I quietly added, “None of this is your fault, by the way.”

I snuck another glance and saw a tear rolling down her cheek. This was not what I wanted.

So I said, “I’m desperate for some sleep. Is there any possible way I can get in my own bed and go to sleep for the night, and we’ll talk about this some other time?”

She asked, “Do you want me to stay or leave?”

Let’s not put too fine a point on it: I wanted her to leave. It was three-thirty in the morning. She skipped town on our wedding. She used her own keys to come unannounced into my apartment.
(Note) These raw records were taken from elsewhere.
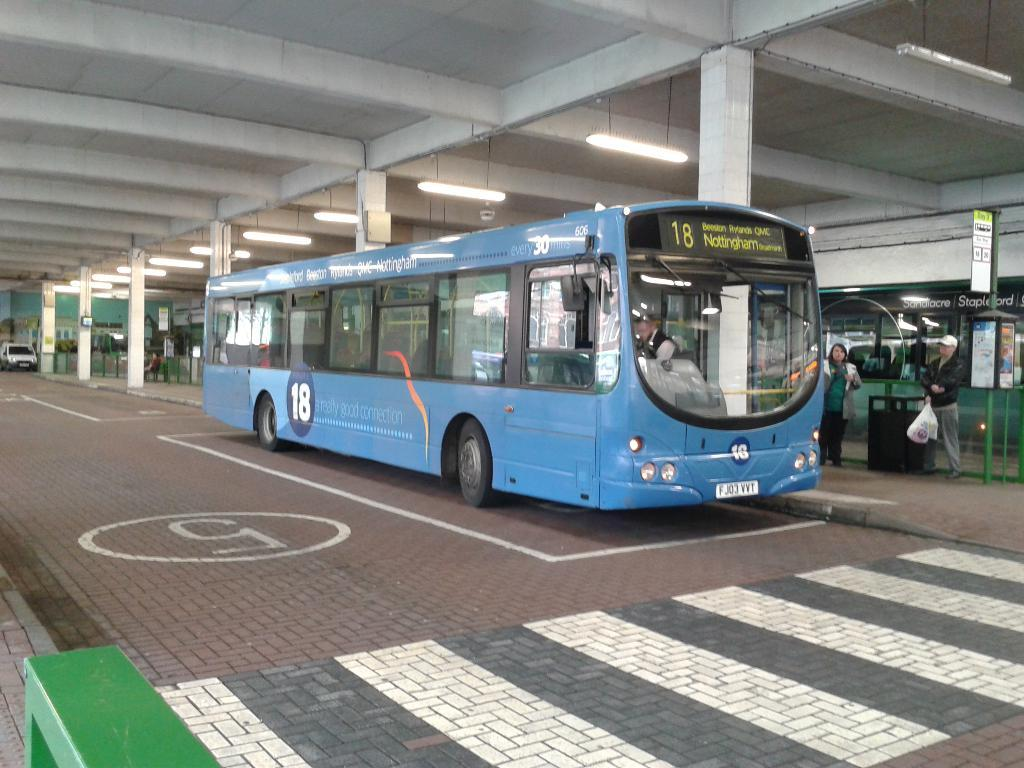<image>
Give a short and clear explanation of the subsequent image. The blue bus has stop 18 next on it's list 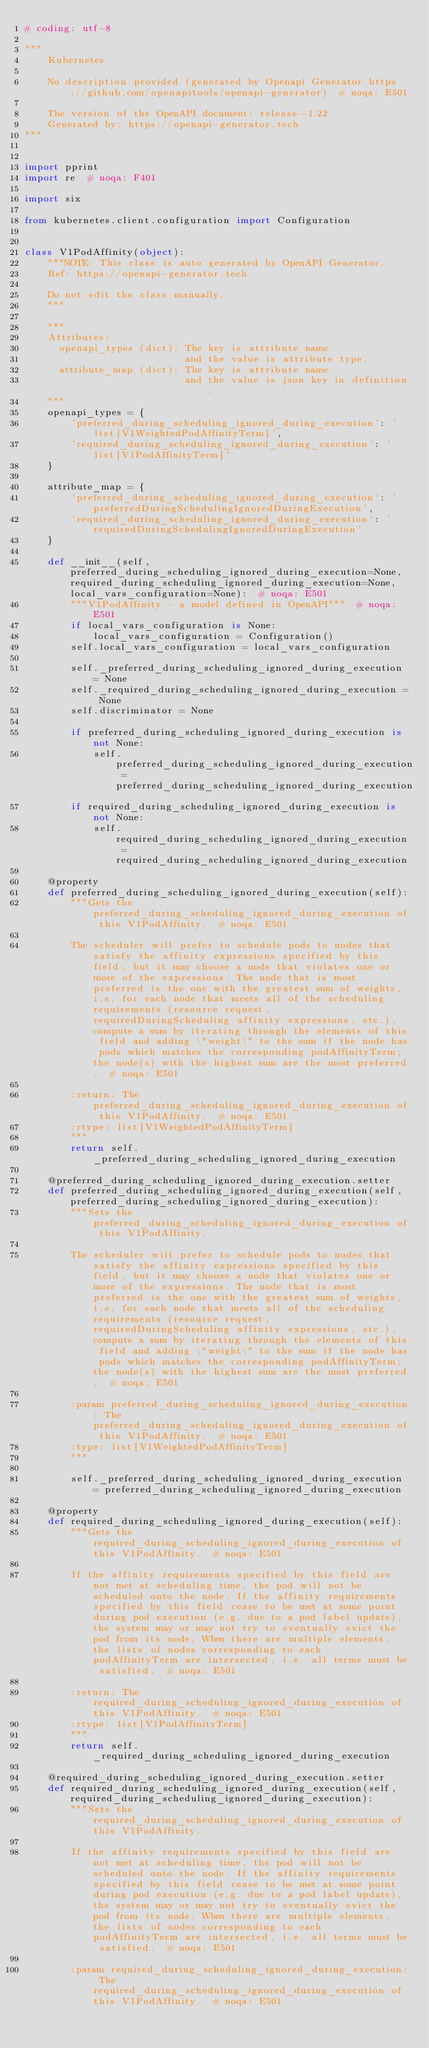Convert code to text. <code><loc_0><loc_0><loc_500><loc_500><_Python_># coding: utf-8

"""
    Kubernetes

    No description provided (generated by Openapi Generator https://github.com/openapitools/openapi-generator)  # noqa: E501

    The version of the OpenAPI document: release-1.22
    Generated by: https://openapi-generator.tech
"""


import pprint
import re  # noqa: F401

import six

from kubernetes.client.configuration import Configuration


class V1PodAffinity(object):
    """NOTE: This class is auto generated by OpenAPI Generator.
    Ref: https://openapi-generator.tech

    Do not edit the class manually.
    """

    """
    Attributes:
      openapi_types (dict): The key is attribute name
                            and the value is attribute type.
      attribute_map (dict): The key is attribute name
                            and the value is json key in definition.
    """
    openapi_types = {
        'preferred_during_scheduling_ignored_during_execution': 'list[V1WeightedPodAffinityTerm]',
        'required_during_scheduling_ignored_during_execution': 'list[V1PodAffinityTerm]'
    }

    attribute_map = {
        'preferred_during_scheduling_ignored_during_execution': 'preferredDuringSchedulingIgnoredDuringExecution',
        'required_during_scheduling_ignored_during_execution': 'requiredDuringSchedulingIgnoredDuringExecution'
    }

    def __init__(self, preferred_during_scheduling_ignored_during_execution=None, required_during_scheduling_ignored_during_execution=None, local_vars_configuration=None):  # noqa: E501
        """V1PodAffinity - a model defined in OpenAPI"""  # noqa: E501
        if local_vars_configuration is None:
            local_vars_configuration = Configuration()
        self.local_vars_configuration = local_vars_configuration

        self._preferred_during_scheduling_ignored_during_execution = None
        self._required_during_scheduling_ignored_during_execution = None
        self.discriminator = None

        if preferred_during_scheduling_ignored_during_execution is not None:
            self.preferred_during_scheduling_ignored_during_execution = preferred_during_scheduling_ignored_during_execution
        if required_during_scheduling_ignored_during_execution is not None:
            self.required_during_scheduling_ignored_during_execution = required_during_scheduling_ignored_during_execution

    @property
    def preferred_during_scheduling_ignored_during_execution(self):
        """Gets the preferred_during_scheduling_ignored_during_execution of this V1PodAffinity.  # noqa: E501

        The scheduler will prefer to schedule pods to nodes that satisfy the affinity expressions specified by this field, but it may choose a node that violates one or more of the expressions. The node that is most preferred is the one with the greatest sum of weights, i.e. for each node that meets all of the scheduling requirements (resource request, requiredDuringScheduling affinity expressions, etc.), compute a sum by iterating through the elements of this field and adding \"weight\" to the sum if the node has pods which matches the corresponding podAffinityTerm; the node(s) with the highest sum are the most preferred.  # noqa: E501

        :return: The preferred_during_scheduling_ignored_during_execution of this V1PodAffinity.  # noqa: E501
        :rtype: list[V1WeightedPodAffinityTerm]
        """
        return self._preferred_during_scheduling_ignored_during_execution

    @preferred_during_scheduling_ignored_during_execution.setter
    def preferred_during_scheduling_ignored_during_execution(self, preferred_during_scheduling_ignored_during_execution):
        """Sets the preferred_during_scheduling_ignored_during_execution of this V1PodAffinity.

        The scheduler will prefer to schedule pods to nodes that satisfy the affinity expressions specified by this field, but it may choose a node that violates one or more of the expressions. The node that is most preferred is the one with the greatest sum of weights, i.e. for each node that meets all of the scheduling requirements (resource request, requiredDuringScheduling affinity expressions, etc.), compute a sum by iterating through the elements of this field and adding \"weight\" to the sum if the node has pods which matches the corresponding podAffinityTerm; the node(s) with the highest sum are the most preferred.  # noqa: E501

        :param preferred_during_scheduling_ignored_during_execution: The preferred_during_scheduling_ignored_during_execution of this V1PodAffinity.  # noqa: E501
        :type: list[V1WeightedPodAffinityTerm]
        """

        self._preferred_during_scheduling_ignored_during_execution = preferred_during_scheduling_ignored_during_execution

    @property
    def required_during_scheduling_ignored_during_execution(self):
        """Gets the required_during_scheduling_ignored_during_execution of this V1PodAffinity.  # noqa: E501

        If the affinity requirements specified by this field are not met at scheduling time, the pod will not be scheduled onto the node. If the affinity requirements specified by this field cease to be met at some point during pod execution (e.g. due to a pod label update), the system may or may not try to eventually evict the pod from its node. When there are multiple elements, the lists of nodes corresponding to each podAffinityTerm are intersected, i.e. all terms must be satisfied.  # noqa: E501

        :return: The required_during_scheduling_ignored_during_execution of this V1PodAffinity.  # noqa: E501
        :rtype: list[V1PodAffinityTerm]
        """
        return self._required_during_scheduling_ignored_during_execution

    @required_during_scheduling_ignored_during_execution.setter
    def required_during_scheduling_ignored_during_execution(self, required_during_scheduling_ignored_during_execution):
        """Sets the required_during_scheduling_ignored_during_execution of this V1PodAffinity.

        If the affinity requirements specified by this field are not met at scheduling time, the pod will not be scheduled onto the node. If the affinity requirements specified by this field cease to be met at some point during pod execution (e.g. due to a pod label update), the system may or may not try to eventually evict the pod from its node. When there are multiple elements, the lists of nodes corresponding to each podAffinityTerm are intersected, i.e. all terms must be satisfied.  # noqa: E501

        :param required_during_scheduling_ignored_during_execution: The required_during_scheduling_ignored_during_execution of this V1PodAffinity.  # noqa: E501</code>

I wanted to sprawl across my own bed for the next four hours unencumbered and unconcerned. But I didn’t have the energy for the scene that her departure would inevitably require.

“Why don’t you stay,” I said.

Ends up, those would be just about the last words we’d ever speak to each other. Maybe communication isn’t my strong suit, as Mongillo likes to remind me every time I write a story. When I got up the next day, Maggie was still asleep; when I got back to my apartment that night, she was long gone.
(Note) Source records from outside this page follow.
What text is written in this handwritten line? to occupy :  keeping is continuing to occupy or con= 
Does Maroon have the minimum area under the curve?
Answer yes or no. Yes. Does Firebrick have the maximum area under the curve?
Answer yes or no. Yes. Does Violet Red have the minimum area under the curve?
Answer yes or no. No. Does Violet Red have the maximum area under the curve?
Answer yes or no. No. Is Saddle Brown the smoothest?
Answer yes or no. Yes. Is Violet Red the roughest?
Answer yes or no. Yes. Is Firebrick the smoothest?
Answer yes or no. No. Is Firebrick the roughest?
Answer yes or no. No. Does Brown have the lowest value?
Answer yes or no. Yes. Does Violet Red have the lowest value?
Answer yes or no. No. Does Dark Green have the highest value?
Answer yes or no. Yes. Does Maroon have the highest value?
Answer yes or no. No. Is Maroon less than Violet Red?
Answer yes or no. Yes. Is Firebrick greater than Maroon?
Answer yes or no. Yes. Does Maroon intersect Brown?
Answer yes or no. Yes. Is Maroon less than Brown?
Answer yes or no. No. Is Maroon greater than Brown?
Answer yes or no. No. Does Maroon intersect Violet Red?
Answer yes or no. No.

I climbed into bed. Two minutes later, I was already drifting off toward an unsteady slumber when I felt two paws beside me, then some tension, lifting, struggling, and then two more paws. Huck stepped methodically over my back and set himself down in the shallow valley between us, wrapping a paw over my head and resting his snout about two millimeters away from my ear.

At least something in this life was going right.

36


The sprawling lobby of Boston Police headquarters was oddly quiet when I walked through the double doors at ten o’clock on a Sunday morning for my meeting with Commissioner Hal Harrison — maybe due to the fact that Vinny Mongillo and his big mouth had been bailed out by the Record’s attorney about three hours before.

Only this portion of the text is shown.